Nerf Wars, Anyone?

What do Amnesty International, a literary magazine named Hika, and a game called Nerf Wars have in common? The answer is Billy Callis, Class of 2006, who happily juggles all of the above, and then some.

Involved in Amnesty since high school, Callis is co-president of the Kenyon chapter. The group works to protect human rights through letter-writing campaigns and campus awareness-raising activities. "My parents raised me to always think about those less fortunate or those who can't stick up for themselves," says Callis, a political science major from Cincinnati, Ohio. At Kenyon, Callis helps organize the group's annual fundraising event, Jamnesty, a night of musical performances held every March.

As for Hika, the College's oldest student-run publication, Callis works with others in judging and editing submissions, which may include fiction, poetry, and essays. He enjoys writing himself and has taken a number of creative-writing courses at Kenyon. "Some of my most memorable seminars have been in poetry, fiction, and nonfiction writing," he says.

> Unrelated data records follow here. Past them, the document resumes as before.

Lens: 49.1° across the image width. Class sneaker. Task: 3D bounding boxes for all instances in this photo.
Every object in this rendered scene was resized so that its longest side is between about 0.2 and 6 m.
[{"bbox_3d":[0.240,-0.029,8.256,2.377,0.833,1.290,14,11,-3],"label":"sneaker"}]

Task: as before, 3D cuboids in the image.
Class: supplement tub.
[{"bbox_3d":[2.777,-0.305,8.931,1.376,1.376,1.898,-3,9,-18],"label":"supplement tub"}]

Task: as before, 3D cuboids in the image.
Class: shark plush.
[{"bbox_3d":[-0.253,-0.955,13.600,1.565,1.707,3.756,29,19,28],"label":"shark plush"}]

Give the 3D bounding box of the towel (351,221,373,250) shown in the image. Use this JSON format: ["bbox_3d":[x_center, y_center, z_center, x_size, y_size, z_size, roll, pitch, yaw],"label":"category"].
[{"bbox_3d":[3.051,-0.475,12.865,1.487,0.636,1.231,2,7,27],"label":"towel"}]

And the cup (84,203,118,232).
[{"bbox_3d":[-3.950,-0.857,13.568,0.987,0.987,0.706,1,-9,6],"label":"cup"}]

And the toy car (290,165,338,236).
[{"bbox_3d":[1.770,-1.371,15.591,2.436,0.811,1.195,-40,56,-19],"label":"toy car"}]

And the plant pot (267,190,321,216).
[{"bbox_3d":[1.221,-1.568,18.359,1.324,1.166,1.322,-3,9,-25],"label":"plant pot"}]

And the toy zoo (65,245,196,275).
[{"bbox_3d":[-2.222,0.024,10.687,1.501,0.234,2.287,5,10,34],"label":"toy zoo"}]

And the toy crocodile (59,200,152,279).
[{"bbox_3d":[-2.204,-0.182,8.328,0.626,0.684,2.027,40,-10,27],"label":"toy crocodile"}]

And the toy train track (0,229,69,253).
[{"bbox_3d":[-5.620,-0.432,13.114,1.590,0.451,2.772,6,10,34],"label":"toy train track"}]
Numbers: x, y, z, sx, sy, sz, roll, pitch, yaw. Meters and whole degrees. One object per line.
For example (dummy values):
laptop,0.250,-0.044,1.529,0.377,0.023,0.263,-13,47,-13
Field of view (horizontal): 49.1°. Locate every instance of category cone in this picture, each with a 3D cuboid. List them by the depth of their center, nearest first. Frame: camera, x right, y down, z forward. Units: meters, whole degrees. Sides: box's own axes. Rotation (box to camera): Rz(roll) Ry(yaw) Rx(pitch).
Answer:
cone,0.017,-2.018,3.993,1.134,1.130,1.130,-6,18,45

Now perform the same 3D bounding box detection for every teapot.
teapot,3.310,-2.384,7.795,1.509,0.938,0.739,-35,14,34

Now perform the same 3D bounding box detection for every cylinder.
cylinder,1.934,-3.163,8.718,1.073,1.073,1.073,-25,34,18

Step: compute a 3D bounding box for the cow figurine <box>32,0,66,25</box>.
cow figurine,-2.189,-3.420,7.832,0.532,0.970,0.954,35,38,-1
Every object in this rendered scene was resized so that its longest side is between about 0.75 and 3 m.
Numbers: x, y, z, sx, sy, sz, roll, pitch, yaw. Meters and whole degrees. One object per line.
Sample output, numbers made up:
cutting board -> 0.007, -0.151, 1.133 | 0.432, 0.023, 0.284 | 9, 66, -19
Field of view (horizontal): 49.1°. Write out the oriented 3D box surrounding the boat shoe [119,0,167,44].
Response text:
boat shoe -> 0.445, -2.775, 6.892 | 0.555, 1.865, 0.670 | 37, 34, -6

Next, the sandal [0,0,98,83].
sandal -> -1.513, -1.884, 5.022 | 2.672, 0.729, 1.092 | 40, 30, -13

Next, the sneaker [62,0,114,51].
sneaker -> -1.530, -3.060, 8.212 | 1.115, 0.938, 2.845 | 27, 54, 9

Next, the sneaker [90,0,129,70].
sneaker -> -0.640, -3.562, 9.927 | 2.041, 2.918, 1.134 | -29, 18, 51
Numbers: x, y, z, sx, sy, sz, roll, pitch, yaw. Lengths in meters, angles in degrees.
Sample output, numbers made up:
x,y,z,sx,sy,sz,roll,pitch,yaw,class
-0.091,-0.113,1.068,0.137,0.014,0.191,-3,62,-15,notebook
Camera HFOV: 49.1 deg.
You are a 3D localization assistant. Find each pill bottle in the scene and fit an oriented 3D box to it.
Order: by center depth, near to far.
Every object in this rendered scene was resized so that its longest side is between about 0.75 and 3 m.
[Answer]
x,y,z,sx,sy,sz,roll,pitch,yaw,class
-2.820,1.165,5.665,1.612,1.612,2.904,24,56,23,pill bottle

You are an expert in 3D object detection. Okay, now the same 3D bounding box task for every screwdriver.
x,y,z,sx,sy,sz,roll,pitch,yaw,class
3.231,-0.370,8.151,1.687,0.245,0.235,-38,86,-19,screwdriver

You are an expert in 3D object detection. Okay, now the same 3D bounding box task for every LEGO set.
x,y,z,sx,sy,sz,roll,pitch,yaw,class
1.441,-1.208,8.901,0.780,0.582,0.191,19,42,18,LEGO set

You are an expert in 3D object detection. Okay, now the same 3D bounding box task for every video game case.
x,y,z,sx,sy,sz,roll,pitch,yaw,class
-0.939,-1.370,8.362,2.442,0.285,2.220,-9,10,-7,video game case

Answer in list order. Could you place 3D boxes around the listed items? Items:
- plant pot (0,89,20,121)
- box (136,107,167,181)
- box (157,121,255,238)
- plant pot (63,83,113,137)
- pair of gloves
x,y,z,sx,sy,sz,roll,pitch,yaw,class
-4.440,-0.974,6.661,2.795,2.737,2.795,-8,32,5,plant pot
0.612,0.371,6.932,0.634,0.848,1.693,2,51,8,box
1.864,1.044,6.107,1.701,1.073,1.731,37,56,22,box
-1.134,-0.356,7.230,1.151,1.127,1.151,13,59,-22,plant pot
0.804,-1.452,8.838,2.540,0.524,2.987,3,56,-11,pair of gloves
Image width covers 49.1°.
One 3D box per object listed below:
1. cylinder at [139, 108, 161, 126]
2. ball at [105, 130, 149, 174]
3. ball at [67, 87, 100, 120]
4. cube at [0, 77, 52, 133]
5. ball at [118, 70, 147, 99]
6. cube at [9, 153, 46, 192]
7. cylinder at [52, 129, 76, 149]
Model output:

And Nerf Wars? Well, classify that under gratuitous fun-it's a game that he invented together with some of the first-year students in Norton Hall, where Callis served as a resident advisor in 2004-05, his second year as an R.A. "I had a cool R.A. my first year," Callis notes, "and I wanted to be able to help freshmen make the transition from home to Kenyon."

Callis's other activities range from WKCO, the campus radio station, to the Kenyon chapter of Hillel, for which he has mediated discussions on such topics as interfaith relationships and Jewish identity. And when he's not volunteering, he can be found jamming with his blues punk band, Marquis de Rad, or just kicking around a soccer ball.